Prentice Women's Hospital: A Eulogy
On October 12, 2012, I was thrown out of the Apple store on North Michigan Avenue, Chicago. I may have cried after the employee said, gruffly, he could not help me. Granted, I was overwhelmed by school, tired from the long walk to the store, and was feeling helpless in a city where I was a brand-new citizen.
I left in a hurry, dodging crowds of shoppers and tourists. The noise, the bustle -- it was all too much. The stench of new clothes, the one you wash your brand new jeans twice before wearing to get rid of, filled the air as I walked past the storefronts.
Taking a right, I headed toward the lake down an unknown side street where it felt like the quiet echoed amongst the calamity. This, and the breeze from the lake, drew me in. One block down, it seemed to go silent. Walking past walls of glass, I realized I had entered the Northwestern Hospital corridor. Steel, white concrete, and the glimmering facades enveloped me.
If Chicago was host to the White City of the World's Fair, this street was host to the Glass Village.
And then, she appeared. A monolith of matte concrete, arched and radiating toward the street. I stopped to stare at this seemingly misplaced structure amongst flush torrents of mirrors.
At this point, I had heard about the row being raised over Prentice Women's Hospital in the news. Preservation organizations had named it "Goldberg's Masterpiece," citing the significance in the development of Brutalism as a movement and the architect, Bertrand Goldberg, who used one of the first IBM computers to design the building's cantilevered clover shape.
I agreed with Save Prentice, the nonprofit organization founded to preserve the formerly state-of-the-art obstetrics hospital. However, Northwestern University fought long and hard to have Prentice torn down in order to transform the lot into a cutting-edge cancer research facility.
"Agreed" turned into passion. I attended hearings and told my mom that if I got arrested it would be because I had lain down in front of a bulldozer, which -- I'm sorry, Mom -- might happen.
In March, Northwestern got its permit to demolish this building I hold such an affinity toward. The day the Chicago Landmark Committee denied the request to make Prentice an historic landmark was a day that I cried harder than the day at the Apple store. I called my friend back home in Colorado, searching desperately for empathy. And instead of empathy, I got a question:
"Anjulie, why do you love that building so much?"
Rewind. I froze. Why on earth am I crying over a building? To answer this question, I took yet another trip, this time in good spirits and on a bicycle, back to Northwestern to have one more look at my sweetheart building.
And, there she was: quiet, profound, and condemned.
I had a small epiphany while I sat in the vacant lot across the street. I watched the sun cast shadows over her curves; I watched the rounded windows glint and wink at me; I saw the way she stood out amongst her peers, her odd shape and my own confused rhetoric left me -- even now -- with one reaction:
She looks like me.
Now, I may not be the picturesque figure of beauty and perfection. But Goldberg knew that women are not all the same. We fluctuate in curves; our bodies are not flat, sterile things.
Similarly, women's needs during childbirth are not all the same. The building's design, which uses "pods" that encircle a center core of doctor and nurse stations, allows for each woman's needs to be met with efficiency and intent.
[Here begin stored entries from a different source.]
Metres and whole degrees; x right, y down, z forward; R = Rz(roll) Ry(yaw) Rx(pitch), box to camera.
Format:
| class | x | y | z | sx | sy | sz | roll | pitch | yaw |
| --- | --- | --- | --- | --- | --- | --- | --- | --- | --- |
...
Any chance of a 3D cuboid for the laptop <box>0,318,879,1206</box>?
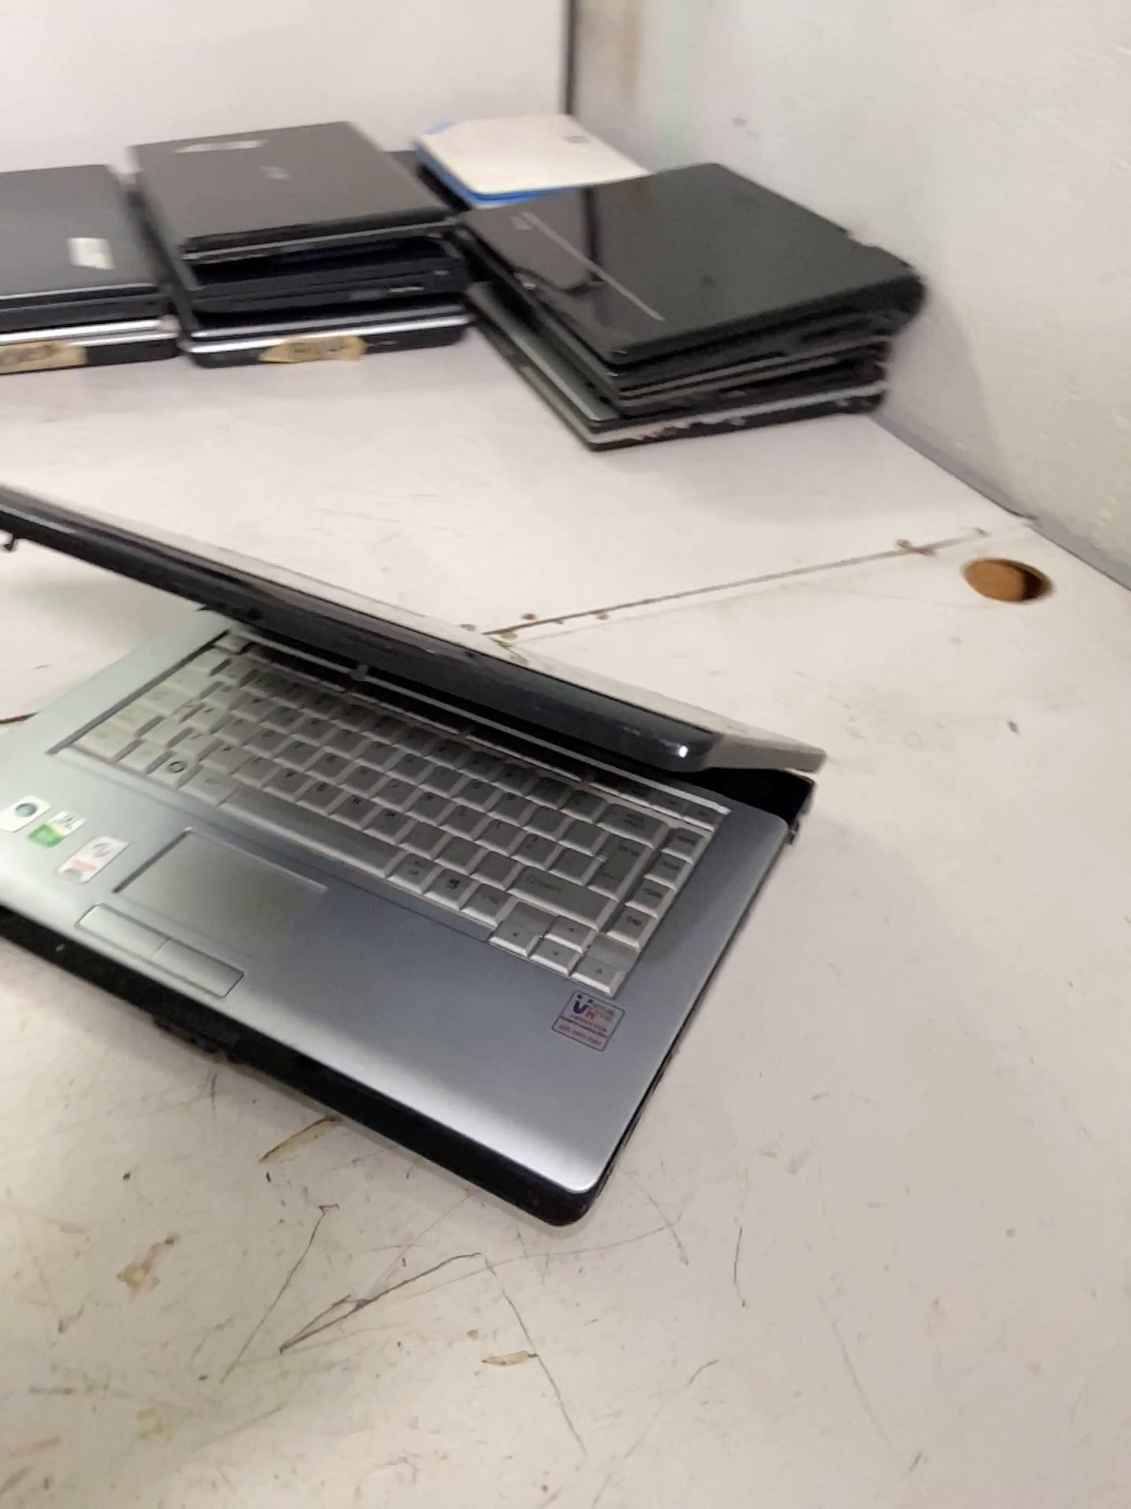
| class | x | y | z | sx | sy | sz | roll | pitch | yaw |
| --- | --- | --- | --- | --- | --- | --- | --- | --- | --- |
| laptop | -0.092 | -0.036 | 0.481 | 0.346 | 0.152 | 0.259 | 20 | 42 | 20 |

He understood that a building for women should be like women: unique, clever, intelligent, and, yes, beautiful.
This is not one last plea to save this grand building. Rather, this is a moment -- my moment -- to convey that cities are places that reflect their inhabitants. Individual buildings are created to serve people, not the cityscape itself. No, Prentice does not have a spire to create a breathtaking skyline; banks and offices takes care of that.
But that day I found myself in the heart of River North, I was drawn in by the breeze off the lake and discovered a gem. The one brief moment while I sat and observed her squat and curvilinear form was the moment when I realized that I belong in this city because, though only for a brief time, Chicago believed in Prentice's forms, those so similar to my own, and gave her a place to care for others.